#### Task goal:
Every line of the records below from the line with "Your answer should be very brief. Hungary." up to and including the line with "Provide a succinct answer. 1.93e+08." must be reproduced exactly, and no line outside that range.

#### Source data:
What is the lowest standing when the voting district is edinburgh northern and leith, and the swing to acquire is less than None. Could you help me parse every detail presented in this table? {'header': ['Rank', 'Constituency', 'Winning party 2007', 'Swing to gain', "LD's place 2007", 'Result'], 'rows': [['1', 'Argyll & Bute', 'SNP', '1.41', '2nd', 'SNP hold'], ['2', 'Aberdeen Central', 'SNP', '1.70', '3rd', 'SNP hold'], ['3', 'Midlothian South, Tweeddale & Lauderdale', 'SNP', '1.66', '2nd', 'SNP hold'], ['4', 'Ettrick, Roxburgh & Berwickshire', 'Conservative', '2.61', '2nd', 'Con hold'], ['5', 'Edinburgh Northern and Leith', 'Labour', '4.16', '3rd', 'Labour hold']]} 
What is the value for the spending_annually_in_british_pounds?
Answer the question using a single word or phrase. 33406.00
---
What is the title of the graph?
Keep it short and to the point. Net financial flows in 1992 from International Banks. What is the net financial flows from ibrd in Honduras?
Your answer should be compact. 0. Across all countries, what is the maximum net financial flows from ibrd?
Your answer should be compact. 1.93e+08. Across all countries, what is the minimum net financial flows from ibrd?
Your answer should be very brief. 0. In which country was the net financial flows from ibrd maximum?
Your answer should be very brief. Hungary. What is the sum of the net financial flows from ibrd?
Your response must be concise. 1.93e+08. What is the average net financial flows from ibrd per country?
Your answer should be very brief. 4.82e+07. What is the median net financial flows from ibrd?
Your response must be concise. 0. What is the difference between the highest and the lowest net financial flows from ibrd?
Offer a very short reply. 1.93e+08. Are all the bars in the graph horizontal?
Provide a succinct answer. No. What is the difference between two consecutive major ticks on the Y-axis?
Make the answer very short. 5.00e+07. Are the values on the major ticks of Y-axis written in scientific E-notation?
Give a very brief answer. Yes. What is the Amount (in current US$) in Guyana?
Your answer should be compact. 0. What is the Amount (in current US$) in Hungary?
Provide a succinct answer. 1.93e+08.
==
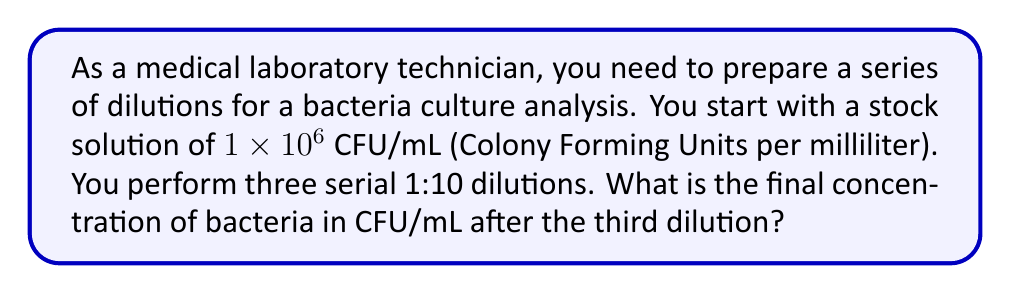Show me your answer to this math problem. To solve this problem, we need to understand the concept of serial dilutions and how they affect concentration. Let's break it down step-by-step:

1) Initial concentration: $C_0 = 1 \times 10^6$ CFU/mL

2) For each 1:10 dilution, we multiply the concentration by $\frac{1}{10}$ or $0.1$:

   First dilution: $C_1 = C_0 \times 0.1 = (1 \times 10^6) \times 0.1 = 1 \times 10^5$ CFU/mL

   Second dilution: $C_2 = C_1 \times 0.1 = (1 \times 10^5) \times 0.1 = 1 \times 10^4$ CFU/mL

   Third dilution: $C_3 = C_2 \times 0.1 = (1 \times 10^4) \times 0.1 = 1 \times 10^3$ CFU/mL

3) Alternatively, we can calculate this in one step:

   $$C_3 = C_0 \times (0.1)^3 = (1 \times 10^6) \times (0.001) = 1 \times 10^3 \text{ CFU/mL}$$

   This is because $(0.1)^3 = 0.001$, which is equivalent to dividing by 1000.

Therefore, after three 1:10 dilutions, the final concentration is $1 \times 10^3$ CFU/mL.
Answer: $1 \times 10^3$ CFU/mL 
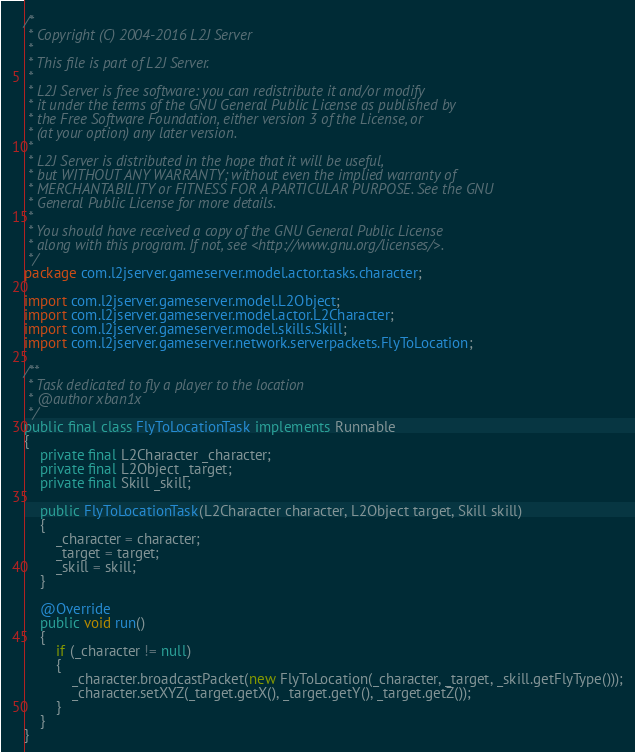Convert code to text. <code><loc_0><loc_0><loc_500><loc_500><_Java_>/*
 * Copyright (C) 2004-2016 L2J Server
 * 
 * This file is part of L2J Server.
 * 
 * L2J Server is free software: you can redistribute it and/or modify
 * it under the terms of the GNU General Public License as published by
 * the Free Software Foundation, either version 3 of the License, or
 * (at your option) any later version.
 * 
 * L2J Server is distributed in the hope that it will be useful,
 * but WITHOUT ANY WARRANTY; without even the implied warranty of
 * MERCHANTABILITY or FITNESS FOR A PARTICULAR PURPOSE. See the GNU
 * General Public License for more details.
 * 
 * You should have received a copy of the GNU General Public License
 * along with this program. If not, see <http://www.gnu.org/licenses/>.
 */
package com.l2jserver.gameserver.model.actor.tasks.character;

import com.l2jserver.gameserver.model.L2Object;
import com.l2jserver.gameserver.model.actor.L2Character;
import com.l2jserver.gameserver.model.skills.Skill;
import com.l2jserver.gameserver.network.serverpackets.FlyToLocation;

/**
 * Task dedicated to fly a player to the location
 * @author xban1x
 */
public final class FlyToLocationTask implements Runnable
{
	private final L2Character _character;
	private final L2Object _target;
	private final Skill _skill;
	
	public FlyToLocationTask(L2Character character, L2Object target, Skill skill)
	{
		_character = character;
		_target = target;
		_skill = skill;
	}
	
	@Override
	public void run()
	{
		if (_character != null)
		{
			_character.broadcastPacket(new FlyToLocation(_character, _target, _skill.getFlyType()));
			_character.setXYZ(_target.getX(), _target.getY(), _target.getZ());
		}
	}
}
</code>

#### Answer for the task:
Your answer should be very brief. Hungary. What is the sum of the net financial flows from ibrd?
Your response must be concise. 1.93e+08. What is the average net financial flows from ibrd per country?
Your answer should be very brief. 4.82e+07. What is the median net financial flows from ibrd?
Your response must be concise. 0. What is the difference between the highest and the lowest net financial flows from ibrd?
Offer a very short reply. 1.93e+08. Are all the bars in the graph horizontal?
Provide a succinct answer. No. What is the difference between two consecutive major ticks on the Y-axis?
Make the answer very short. 5.00e+07. Are the values on the major ticks of Y-axis written in scientific E-notation?
Give a very brief answer. Yes. What is the Amount (in current US$) in Guyana?
Your answer should be compact. 0. What is the Amount (in current US$) in Hungary?
Provide a succinct answer. 1.93e+08.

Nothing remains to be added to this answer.